661 - Se o interesse e a competência generalizados e uma divisão do trabalho igualitária forem uma utopia irrealizável, então será impossível a autogestão da abundância e teremos de optar entre uma abundância gerida por outros ou a autogestão da miséria. Toda a questão do comunismo é esta.

662 - (Enfim… Dá o que pensar esse manifesto bernardiano).

663 - (Sobre essa questão do dinheiro. Talvez surja algo com função similar, mas bem diferente. Digamos que exista um equivalente monetário do PIB mundial que, claro, pode crescer se a democracia assim decidir, que seja distribuido digitalmente às populações para decidir o que deve ser produzido… Por aí se organizaria a produção. Não deixa de ser “dinheiro”, de certa forma. Quanto a existência de mercados, não sei se entendi. Fala-se de concorrência entre as unidades produtivas para ver quem acumula mais dinheiro, mas agora com relações de trabalho igualitárias?)

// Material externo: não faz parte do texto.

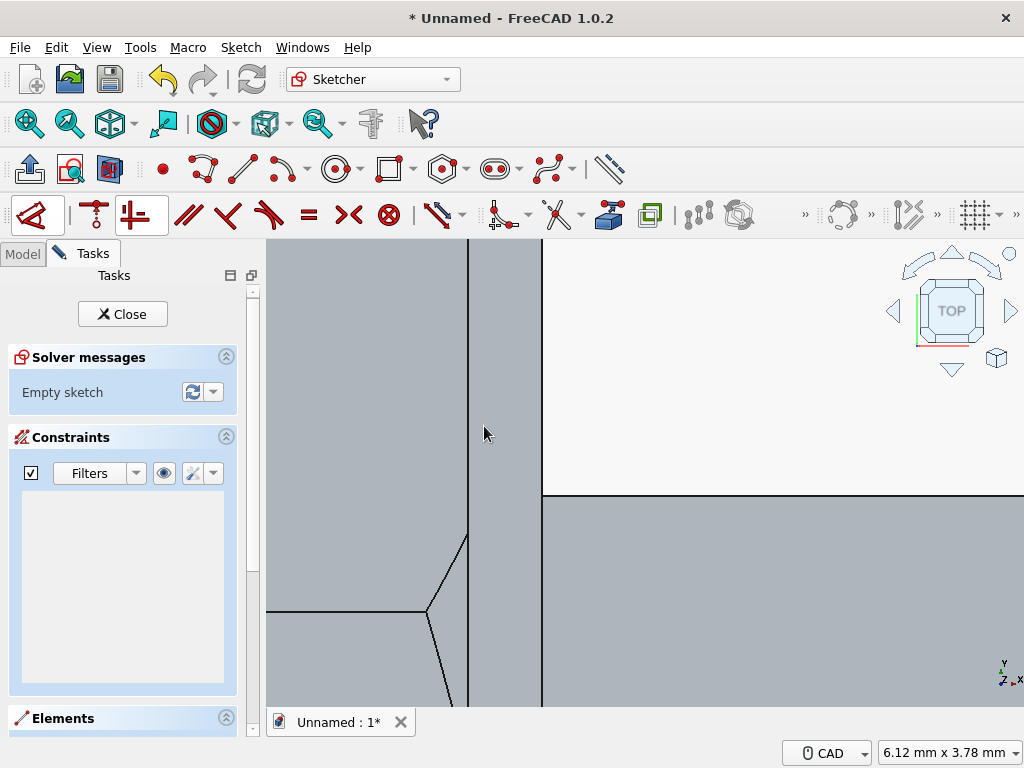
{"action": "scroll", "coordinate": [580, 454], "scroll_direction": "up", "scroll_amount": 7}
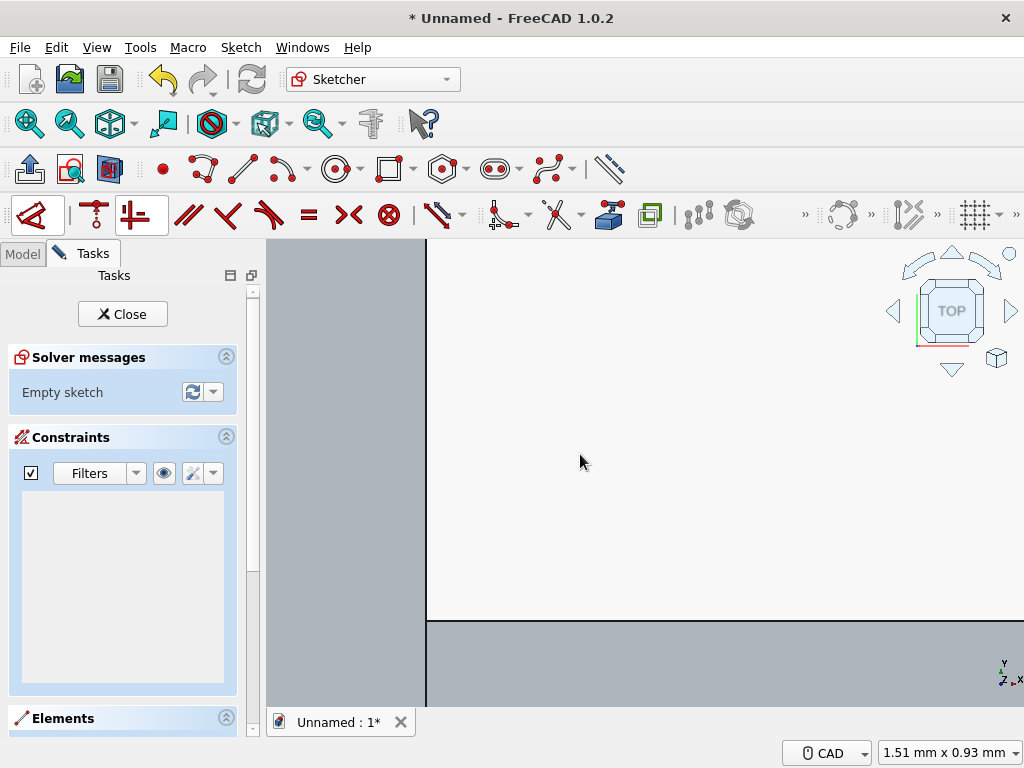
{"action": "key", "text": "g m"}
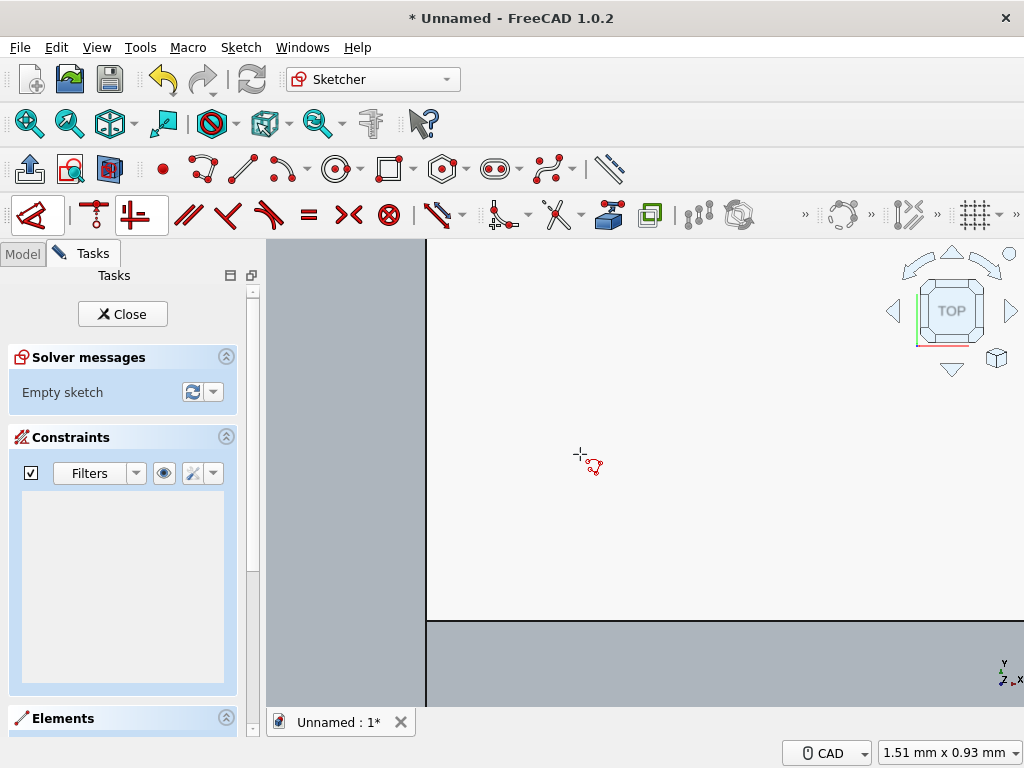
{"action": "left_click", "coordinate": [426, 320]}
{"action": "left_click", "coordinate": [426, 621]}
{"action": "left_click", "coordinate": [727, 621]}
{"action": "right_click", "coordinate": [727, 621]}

664 - O comentador Taiguara parece vincular a existência de mercado a excedentes e fez a seguinte provocação aos que acreditam num comunismo sem mercado: “Parece-me que o seu primeiro parêntese o traiu e revelou uma contradição na sua argumentação. Nele você afirma que, “grosso modo, apenas os excedentes eram trocados ou vendidos”, para, logo em seguida, dizer que “O mercado sempre se sustentou na escassez”. (...) Eu diria que o mercado só pode existir porque uma dada unidade produtiva, seja ela uma família, uma clã, uma tribo, uma fábrica ou uma comunidade, não produz todos os valores de uso que lhe são necessários, mas, por outro lado, produz em abundância um certo número deles cuja parcela excedente pode ser trocada. (...) O que me leva à seguinte pergunta. Numa sociedade hipotética em que haja “autogestão absoluta nas empresas”, você acha que cada uma delas produziria todos os itens ou serviços necessários à mais elementar forma, porém digna, de existência humana?